An electrophotographic photoreceptor comprising a conductive support having thereon an amorphous silicon photoconductive layer and a surface protective layer is disclosed, the surface protective layer having a laminated structure comprised of a lower layer comprising nitrogen-containing amorphous silicon and an upper layer comprising amorphous carbon.
The photoreceptor causes no image deletion even after repeated use under a high temperature and high humidity condition and exhibits excellent scratch resistance.

Description

FIELD OF THE INVENTION

This invention relates to an electrophotographic photoreceptor having a surface layer having improved hardness, which does not cause image deletion (image blurring) even after repeated use.

BACKGROUND OF THE INVENTION

Recently developed electrophotographic photoreceptors include those comprising a conductive support having thereon a photoconductive layer mainly comprising amorphous silicon. The photoreceptors of this type are excellent in mechanical strength, panchromatic properties, and sensitivity to long wavelength light as compared with those having a photoconductive layer comprising other inorganic photoconductive materials, e.g., Se, tri-Se, ZnO or CdS, or various organic photoconductive materials. However, they cause image deletion when left to stand in the atmosphere, particularly under a high temperature and high humidity condition. Besides, the surface of the photoconductive layer tends to receive scratches due to contact with a toner cleaning blade or a paper stripping click during electrophotographic processing, to cause white streaks on an image of copies.

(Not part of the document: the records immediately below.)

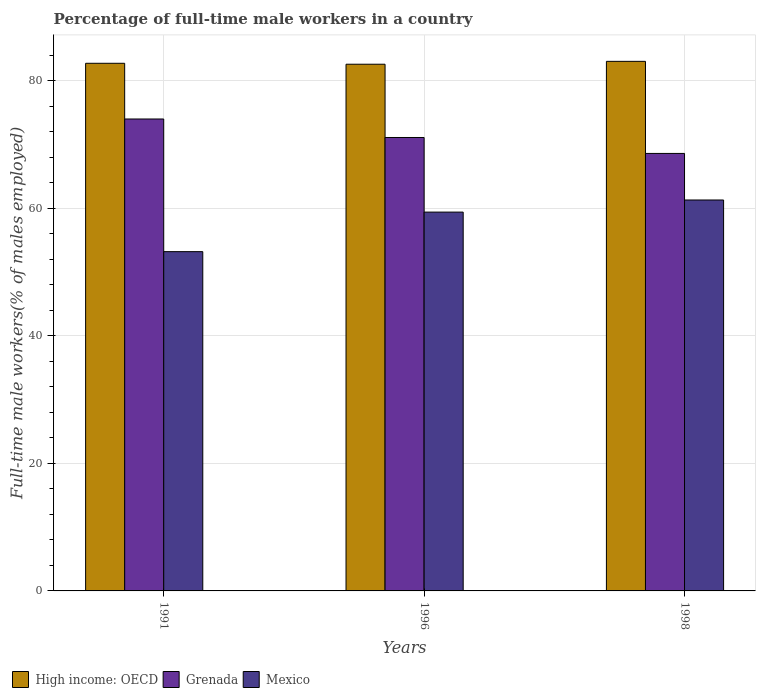How many groups of bars are there?
Ensure brevity in your answer.  3. Are the number of bars per tick equal to the number of legend labels?
Make the answer very short. Yes. Are the number of bars on each tick of the X-axis equal?
Offer a very short reply. Yes. How many bars are there on the 2nd tick from the right?
Your answer should be very brief. 3. What is the label of the 2nd group of bars from the left?
Your response must be concise. 1996. In how many cases, is the number of bars for a given year not equal to the number of legend labels?
Your answer should be compact. 0. What is the percentage of full-time male workers in High income: OECD in 1996?
Ensure brevity in your answer.  82.59. Across all years, what is the minimum percentage of full-time male workers in Mexico?
Your answer should be compact. 53.2. What is the total percentage of full-time male workers in Mexico in the graph?
Give a very brief answer. 173.9. What is the difference between the percentage of full-time male workers in High income: OECD in 1996 and that in 1998?
Keep it short and to the point. -0.45. What is the difference between the percentage of full-time male workers in High income: OECD in 1998 and the percentage of full-time male workers in Grenada in 1991?
Give a very brief answer. 9.04. What is the average percentage of full-time male workers in Grenada per year?
Your answer should be very brief. 71.23. In the year 1991, what is the difference between the percentage of full-time male workers in High income: OECD and percentage of full-time male workers in Grenada?
Make the answer very short. 8.73. What is the ratio of the percentage of full-time male workers in Grenada in 1996 to that in 1998?
Your answer should be very brief. 1.04. What is the difference between the highest and the second highest percentage of full-time male workers in Mexico?
Offer a terse response. 1.9. What is the difference between the highest and the lowest percentage of full-time male workers in High income: OECD?
Ensure brevity in your answer.  0.45. Is the sum of the percentage of full-time male workers in Grenada in 1991 and 1998 greater than the maximum percentage of full-time male workers in High income: OECD across all years?
Give a very brief answer. Yes. What does the 1st bar from the left in 1996 represents?
Your response must be concise. High income: OECD. What does the 2nd bar from the right in 1991 represents?
Ensure brevity in your answer.  Grenada. Is it the case that in every year, the sum of the percentage of full-time male workers in High income: OECD and percentage of full-time male workers in Mexico is greater than the percentage of full-time male workers in Grenada?
Ensure brevity in your answer.  Yes. How many bars are there?
Make the answer very short. 9. How many years are there in the graph?
Offer a terse response. 3. Where does the legend appear in the graph?
Provide a succinct answer. Bottom left. What is the title of the graph?
Ensure brevity in your answer.  Percentage of full-time male workers in a country. What is the label or title of the X-axis?
Provide a succinct answer. Years. What is the label or title of the Y-axis?
Provide a succinct answer. Full-time male workers(% of males employed). What is the Full-time male workers(% of males employed) of High income: OECD in 1991?
Your answer should be very brief. 82.73. What is the Full-time male workers(% of males employed) in Mexico in 1991?
Keep it short and to the point. 53.2. What is the Full-time male workers(% of males employed) in High income: OECD in 1996?
Make the answer very short. 82.59. What is the Full-time male workers(% of males employed) in Grenada in 1996?
Offer a terse response. 71.1. What is the Full-time male workers(% of males employed) of Mexico in 1996?
Keep it short and to the point. 59.4. What is the Full-time male workers(% of males employed) of High income: OECD in 1998?
Offer a terse response. 83.04. What is the Full-time male workers(% of males employed) of Grenada in 1998?
Keep it short and to the point. 68.6. What is the Full-time male workers(% of males employed) of Mexico in 1998?
Ensure brevity in your answer.  61.3. Across all years, what is the maximum Full-time male workers(% of males employed) in High income: OECD?
Your response must be concise. 83.04. Across all years, what is the maximum Full-time male workers(% of males employed) of Grenada?
Your answer should be compact. 74. Across all years, what is the maximum Full-time male workers(% of males employed) in Mexico?
Give a very brief answer. 61.3. Across all years, what is the minimum Full-time male workers(% of males employed) of High income: OECD?
Your response must be concise. 82.59. Across all years, what is the minimum Full-time male workers(% of males employed) in Grenada?
Provide a succinct answer. 68.6. Across all years, what is the minimum Full-time male workers(% of males employed) in Mexico?
Your answer should be compact. 53.2. What is the total Full-time male workers(% of males employed) of High income: OECD in the graph?
Your response must be concise. 248.36. What is the total Full-time male workers(% of males employed) in Grenada in the graph?
Offer a terse response. 213.7. What is the total Full-time male workers(% of males employed) in Mexico in the graph?
Provide a succinct answer. 173.9. What is the difference between the Full-time male workers(% of males employed) of High income: OECD in 1991 and that in 1996?
Ensure brevity in your answer.  0.15. What is the difference between the Full-time male workers(% of males employed) of Mexico in 1991 and that in 1996?
Ensure brevity in your answer.  -6.2. What is the difference between the Full-time male workers(% of males employed) in High income: OECD in 1991 and that in 1998?
Ensure brevity in your answer.  -0.3. What is the difference between the Full-time male workers(% of males employed) in Mexico in 1991 and that in 1998?
Keep it short and to the point. -8.1. What is the difference between the Full-time male workers(% of males employed) of High income: OECD in 1996 and that in 1998?
Provide a succinct answer. -0.45. What is the difference between the Full-time male workers(% of males employed) of Grenada in 1996 and that in 1998?
Provide a short and direct response. 2.5. What is the difference between the Full-time male workers(% of males employed) of High income: OECD in 1991 and the Full-time male workers(% of males employed) of Grenada in 1996?
Offer a terse response. 11.63. What is the difference between the Full-time male workers(% of males employed) of High income: OECD in 1991 and the Full-time male workers(% of males employed) of Mexico in 1996?
Offer a very short reply. 23.33. What is the difference between the Full-time male workers(% of males employed) of High income: OECD in 1991 and the Full-time male workers(% of males employed) of Grenada in 1998?
Your answer should be very brief. 14.13. What is the difference between the Full-time male workers(% of males employed) in High income: OECD in 1991 and the Full-time male workers(% of males employed) in Mexico in 1998?
Give a very brief answer. 21.43. What is the difference between the Full-time male workers(% of males employed) of High income: OECD in 1996 and the Full-time male workers(% of males employed) of Grenada in 1998?
Your answer should be compact. 13.99. What is the difference between the Full-time male workers(% of males employed) of High income: OECD in 1996 and the Full-time male workers(% of males employed) of Mexico in 1998?
Provide a short and direct response. 21.29. What is the average Full-time male workers(% of males employed) in High income: OECD per year?
Offer a terse response. 82.79. What is the average Full-time male workers(% of males employed) in Grenada per year?
Make the answer very short. 71.23. What is the average Full-time male workers(% of males employed) in Mexico per year?
Provide a short and direct response. 57.97. In the year 1991, what is the difference between the Full-time male workers(% of males employed) in High income: OECD and Full-time male workers(% of males employed) in Grenada?
Offer a terse response. 8.73. In the year 1991, what is the difference between the Full-time male workers(% of males employed) of High income: OECD and Full-time male workers(% of males employed) of Mexico?
Your response must be concise. 29.53. In the year 1991, what is the difference between the Full-time male workers(% of males employed) of Grenada and Full-time male workers(% of males employed) of Mexico?
Keep it short and to the point. 20.8. In the year 1996, what is the difference between the Full-time male workers(% of males employed) in High income: OECD and Full-time male workers(% of males employed) in Grenada?
Give a very brief answer. 11.49. In the year 1996, what is the difference between the Full-time male workers(% of males employed) in High income: OECD and Full-time male workers(% of males employed) in Mexico?
Your answer should be very brief. 23.19. In the year 1996, what is the difference between the Full-time male workers(% of males employed) of Grenada and Full-time male workers(% of males employed) of Mexico?
Provide a short and direct response. 11.7. In the year 1998, what is the difference between the Full-time male workers(% of males employed) of High income: OECD and Full-time male workers(% of males employed) of Grenada?
Offer a very short reply. 14.44. In the year 1998, what is the difference between the Full-time male workers(% of males employed) in High income: OECD and Full-time male workers(% of males employed) in Mexico?
Make the answer very short. 21.74. In the year 1998, what is the difference between the Full-time male workers(% of males employed) of Grenada and Full-time male workers(% of males employed) of Mexico?
Keep it short and to the point. 7.3. What is the ratio of the Full-time male workers(% of males employed) of High income: OECD in 1991 to that in 1996?
Make the answer very short. 1. What is the ratio of the Full-time male workers(% of males employed) of Grenada in 1991 to that in 1996?
Your answer should be very brief. 1.04. What is the ratio of the Full-time male workers(% of males employed) in Mexico in 1991 to that in 1996?
Offer a very short reply. 0.9. What is the ratio of the Full-time male workers(% of males employed) in High income: OECD in 1991 to that in 1998?
Provide a short and direct response. 1. What is the ratio of the Full-time male workers(% of males employed) in Grenada in 1991 to that in 1998?
Ensure brevity in your answer.  1.08. What is the ratio of the Full-time male workers(% of males employed) of Mexico in 1991 to that in 1998?
Make the answer very short. 0.87. What is the ratio of the Full-time male workers(% of males employed) of Grenada in 1996 to that in 1998?
Provide a short and direct response. 1.04. What is the ratio of the Full-time male workers(% of males employed) of Mexico in 1996 to that in 1998?
Your answer should be compact. 0.97. What is the difference between the highest and the second highest Full-time male workers(% of males employed) in High income: OECD?
Keep it short and to the point. 0.3. What is the difference between the highest and the second highest Full-time male workers(% of males employed) in Grenada?
Give a very brief answer. 2.9. What is the difference between the highest and the lowest Full-time male workers(% of males employed) of High income: OECD?
Ensure brevity in your answer.  0.45.

In order to improve scratch resistance of a photosensitive layer, it has been proposed to provide a surface layer having a composition, such as SiNx, SiOx, and SiCx, which does not impair hardness of a photosensitive layer mainly comprising silicon. The above disadvantage can be removed by providing such a surface layer. It has also been proposed to provide a surface layer comprising amorphous carbon for the purpose of improving endurance against repeated use under a high temperature and high humidity condition as disclosed in JP-A-61-250655 (the term "JP-A" as used herein means an "unexamined published Japanese patent application").

However, electrophotographic photoreceptors having a surface layer comprising SiNx, SiOx, SiCx, etc. turned out to cause image deletion on repeated use in a high temperature and high humidity condition, proving practically useless. Further, those having a surface layer comprising amorphous carbon turned out to induce reduction of surface potential.

SUMMARY OF THE INVENTION

Accordingly, an object of this invention is to provide an electrophotographic photoreceptor causing no image deletion under any operating conditions, and particularly even when repeatedly used for a long term under a high temperature and high humidity condition.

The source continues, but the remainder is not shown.